The International Archives of the Photogrammetry, Remote Sensing and Spatial Information Sciences
Publications Copernicus
Articles | Volume XLIII-B1-2021
28 Jun 2021
 | 28 Jun 2021


A. Collin, D. James, A. Mury, M. Letard, and B. Guillot

Keywords: UAV, Near-InfraRed, Regression, Decision Tree, Boosted Tree, Bootstrap Forest, Neural Network, Coast

Abstract. The infrared (IR) imagery provides additional information to the visible (red-green-blue, RGB) about vegetation, soil, water, mineral, or temperature, and has become essential for various disciplines, such as geology, hydrology, ecology, archeology, meteorology or geography. The integration of the IR sensors, ranging from near-IR (NIR) to thermal-IR through mid-IR, constitutes a baseline for Earth Observation satellites but not for unmanned airborne vehicles (UAV). Given the hyperspatial and hypertemporal characteristics associated with the UAV survey, it is relevant to benefit from the IR waveband in addition to the visible imagery for mapping purposes. This paper proposes to predict the NIR reflectance from RGB digital number predictors collected with a consumer-grade UAV over a structurally and compositionally complex coastal area.

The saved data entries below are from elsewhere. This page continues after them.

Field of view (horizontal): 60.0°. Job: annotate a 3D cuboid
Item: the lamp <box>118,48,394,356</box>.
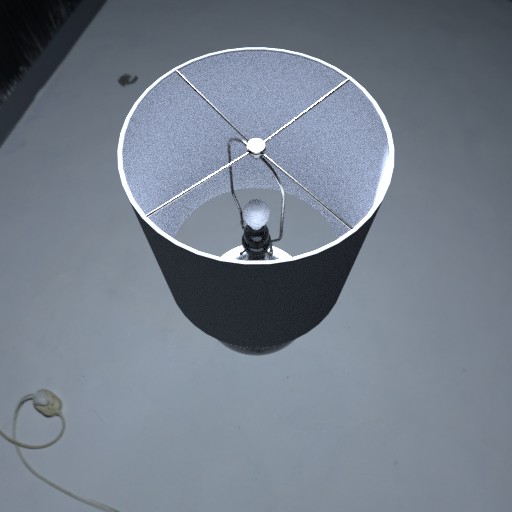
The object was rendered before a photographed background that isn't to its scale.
[{"bbox_3d":[0.000,0.000,0.530,0.216,0.404,0.216,17,65,8],"label":"lamp"}]
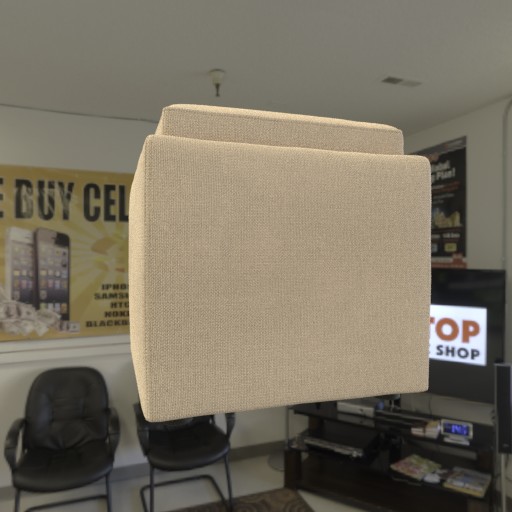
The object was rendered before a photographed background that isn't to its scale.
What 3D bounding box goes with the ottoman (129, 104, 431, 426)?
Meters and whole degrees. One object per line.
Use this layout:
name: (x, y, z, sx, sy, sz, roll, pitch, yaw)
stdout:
ottoman: (0.000, 0.000, 0.835, 0.451, 0.460, 0.450, 0, 0, -18)
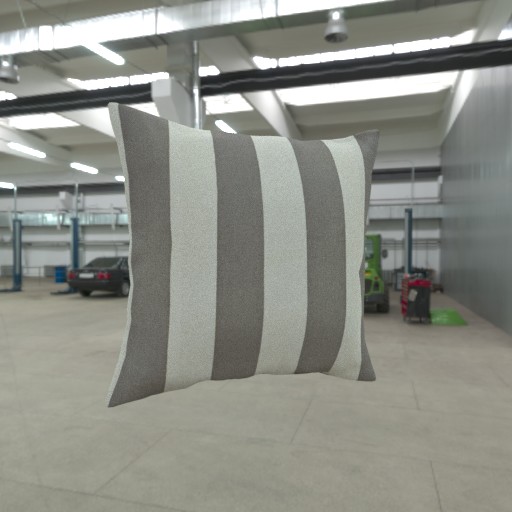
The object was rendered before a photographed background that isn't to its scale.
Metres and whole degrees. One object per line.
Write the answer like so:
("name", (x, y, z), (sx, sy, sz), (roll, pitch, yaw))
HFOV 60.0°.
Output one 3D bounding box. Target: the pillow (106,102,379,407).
("pillow", (0.000, 0.000, 0.812), (0.522, 0.507, 0.192), (0, 0, -19))

An array of 15 000 data, distributed into calibration, validation and test datasets across 15 representative coastal habitats, was used to build and compare the performance of the standard least squares, decision tree, boosted tree, bootstrap forest and fully connected neural network (NN) models. The NN family surpassed the four other ones, and the best NN model (R2 = 0.67) integrated two hidden layers provided, each, with five nodes of hyperbolic tangent and five nodes of Gaussian activation functions. This perceptron enabled to produce a NIR reflectance spatially-explicit model deprived of original artifacts due to the flight constraints. At the habitat scale, sedimentary and dry vegetation environments were satisfactorily predicted (R2 > 0.6), contrary to the healthy vegetation (R2 < 0.2). Those innovative findings will be useful for scientists and managers tasked with hyperspatial and hypertemporal mapping.